It gets your attention.

Look now at the picture on the right. After receiving inquiries, AP acknowledged Monday that this is the same bomb shot by the same photographer on the same day -- but with a different camera lens.

Presto! A new reality.

As Makinson-Sanders eventually was told, AP photographer Enric Marti had taken the "big-bomb photo" with a 20 mm wide-angle lens, adding drama to the visual but distorting the scale. This kind of wide-angle distortion generally is evident to the trained eye in straight lines that suddenly curve, or in blurriness around the edges. But as The Bee's photo editor noted, this image had already been cropped from the sides -- a detail she considered unimportant on Sunday night, but now realizes may help explain the missing clues.

A day after the transmission, AP re-sent the photographs and put this caption addition on the photo in question: "That object is the same as that pictured in (the other photo). ... Increased size is due to wide angle lens used."

But in The Bee and most other daily newspapers, the image of the U.S. government's bomb-drop near Afghan civilians had already been selected and published.

For better or for worse.

"This goes to the very heart of our credibility," said Deputy Managing Editor Mort Saltzman, who oversees the editing of news sections. "It's very important to me as a journalist that our coverage be as objective and fair as possible.

"When something like this happens, it adds to the point of view that the newspaper is going out of its way to paint a bad picture of the (U.S.) government."

At the Poynter Institute in St.

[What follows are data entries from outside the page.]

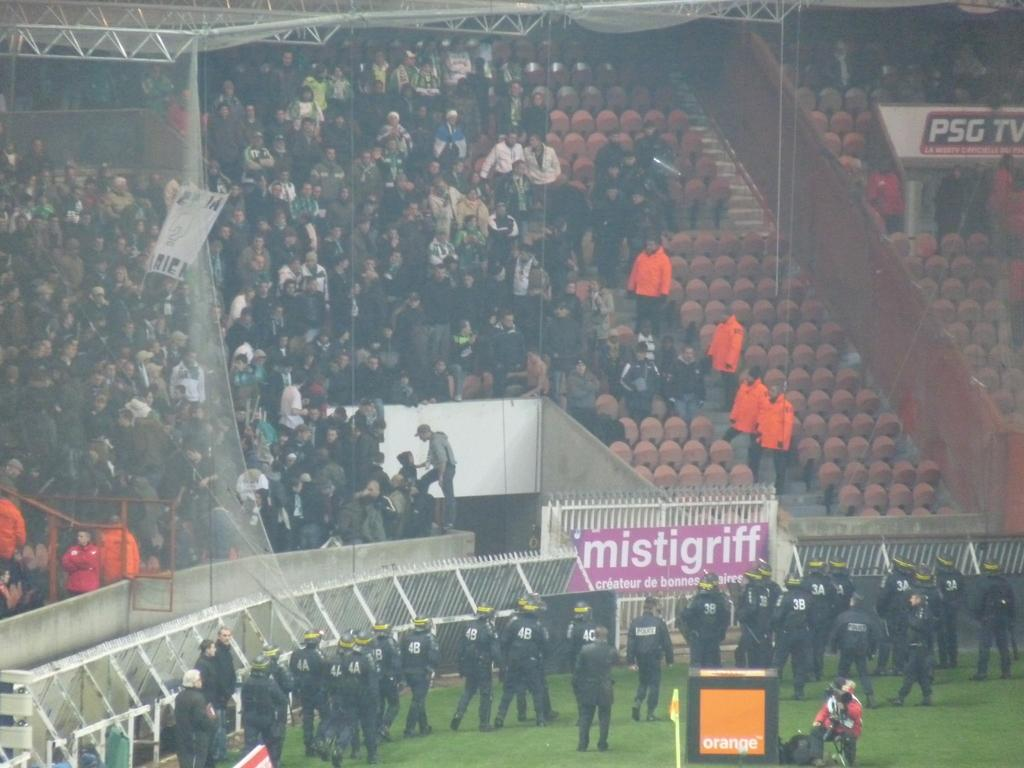What is the main subject of the image? The main subject of the image is a crowd. Can you describe the people in the crowd? Some persons are standing in the crowd. What are the persons in the crowd wearing? The persons in the crowd are wearing clothes. What type of ground can be seen beneath the crowd in the image? There is no specific ground visible beneath the crowd in the image; it is not possible to determine the type of ground from the image alone. 
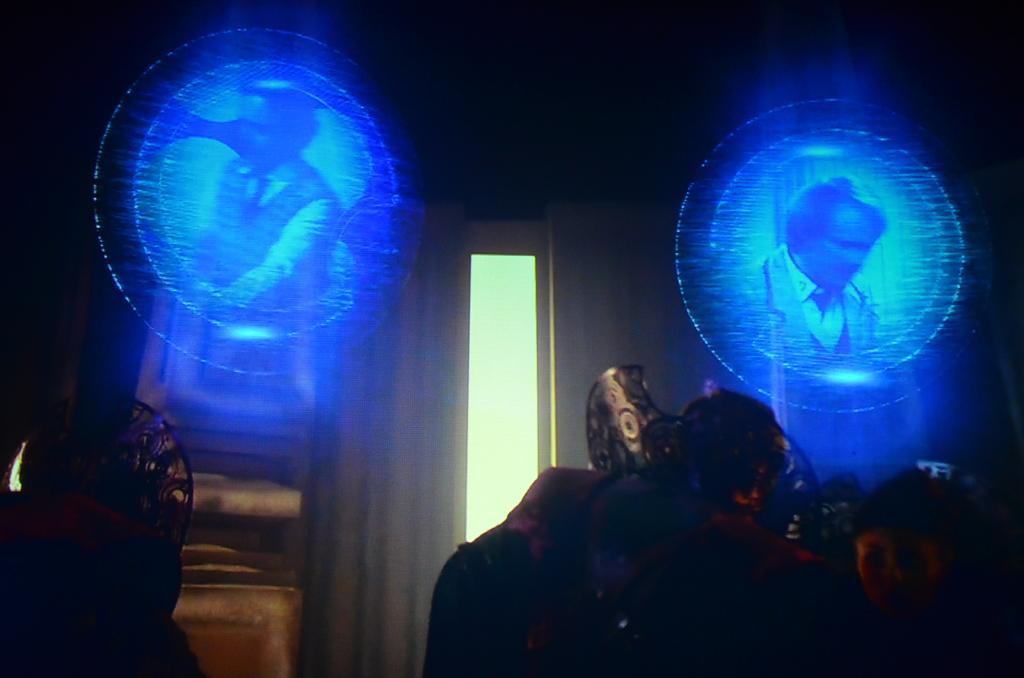Describe this image in one or two sentences. Here we can see a sculpture and a person. There are screens and there is a dark background. 
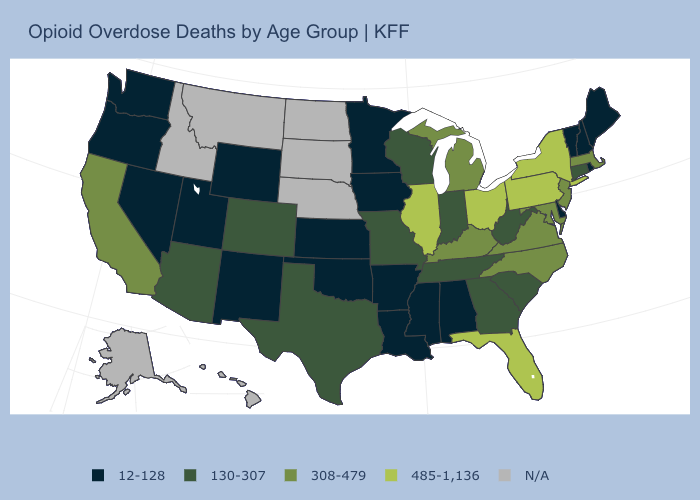What is the highest value in the USA?
Be succinct. 485-1,136. What is the value of Utah?
Quick response, please. 12-128. Which states have the highest value in the USA?
Be succinct. Florida, Illinois, New York, Ohio, Pennsylvania. Among the states that border Wyoming , which have the lowest value?
Write a very short answer. Utah. Which states hav the highest value in the South?
Be succinct. Florida. How many symbols are there in the legend?
Be succinct. 5. What is the lowest value in states that border Arizona?
Concise answer only. 12-128. What is the lowest value in the Northeast?
Keep it brief. 12-128. Does Florida have the highest value in the South?
Short answer required. Yes. What is the lowest value in states that border Rhode Island?
Quick response, please. 130-307. Name the states that have a value in the range N/A?
Keep it brief. Alaska, Hawaii, Idaho, Montana, Nebraska, North Dakota, South Dakota. Which states have the lowest value in the Northeast?
Write a very short answer. Maine, New Hampshire, Rhode Island, Vermont. Name the states that have a value in the range 308-479?
Write a very short answer. California, Kentucky, Maryland, Massachusetts, Michigan, New Jersey, North Carolina, Virginia. Name the states that have a value in the range 308-479?
Concise answer only. California, Kentucky, Maryland, Massachusetts, Michigan, New Jersey, North Carolina, Virginia. 
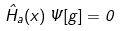Convert formula to latex. <formula><loc_0><loc_0><loc_500><loc_500>\hat { H } _ { a } ( x ) \, \Psi [ g ] = 0</formula>

Petersburg, Fla., a respected journalism center that examines ethical issues, Kenny Irby is also troubled. A photojournalist who heads up the institute's visual journalism, Irby understands a creative photographer's urge to "capture a dramatic image from a mundane situation." Without talking to the photographer, he cannot be sure what was going on in his head. "But it is a very deceptive image," Irby said.

Jack Stokes, an AP spokesman in New York, said that once inquiries began coming in, the wire service followed standard procedure by tracking the journalistic decisions from the field photographer all the way through the editing process.

The news service believes it acted properly by issuing a revised caption and does not think the photo needed to be stricken from the files, as occasionally happens, he said. With hindsight, though, he acknowledges an explanation earlier about the discrepancy in scale might have helped.

As for agendas?

"I can't make this clearer: When we make errors, they are journalistic errors. There is nothing else involved," he said.
Still, several Bee photographers and editors who viewed the so-called wide-angle photo don't quite buy the distortion explanation and believe the object is, as readers speculated, an ejected aircraft fuel tank.

Their trust is shaken.

It's repeatedly been said that truth is the first casualty of war. If the AP is right, and this was the product of a wide-angle lens, one could argue that the photograph was not altered or doctored at all. In a purely technical sense, nothing was added, nothing subtracted. It was the actual "unexploded ordnance," and the bystander really was there.

In this scenario, the photo is accurate. But it isn't true. And it isn't acceptable.

Because this isn't Hollywood.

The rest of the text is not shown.